My favorite moment from John Gruber’s excellent interview was when Schiller likened the single port MacBook to killing off the floppy.
…why don’t we design a product that’s around this wireless world that has really no physical connection that you need. You can get by without ever needing that. Wouldn’t that be a better world? And in doing that we realized ‘yeah but we do need to charge it so let’s go create this one port that can charge, and be a USB, and be video out. And that way if you need to connect, you can, you’re not giving that up’…and if you do that how far can you push it? How thin can it get? How light can it get? How aggressive of a design can it be?

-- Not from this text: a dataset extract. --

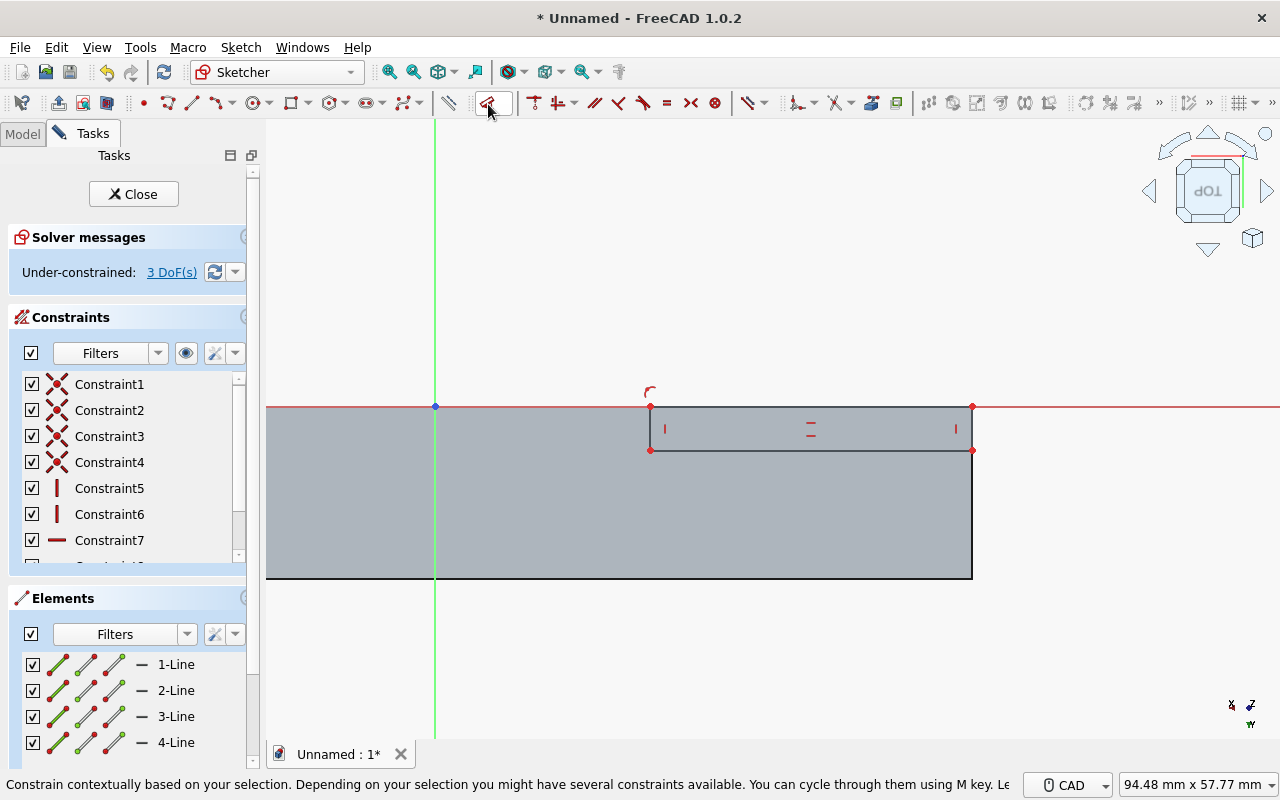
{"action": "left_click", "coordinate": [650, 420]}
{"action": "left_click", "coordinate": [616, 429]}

…I mean this is all the same mentality as I remember when we took out the floppy… oh and I am sure many you all do too. It’s the exact same thinking. I sat in the rooms with friends of mine who worked at other companies in Texas and other places and they literally said ‘Oh my god. I am so jealous! We can’t do that. We can’t do that. We can’t take the risk, because if the world is going to be risk averse and doesn’t want us to take away anything, then y’know if Dell doesn’t have a floppy, but Toshiba does, they’ll just buy the Toshiba. They’re all the same, except if your missing one thing then no one will buy your stuff.’ … That’s the embodiment of this new MacBook, which is take a bold risk. Maybe some people will think it’s not perfect for them yet, but for a surprising number of people it’s already their future laptop.
I think Phil is spot on and his anecdote, as dated as it is, perfectly illustrates how a commoditized hardware market evolves to avoid risk by simply increasing specs while avoiding change. For a current example, just look at the continued ubiquity of the 28 year old VGA port on modern PC laptops.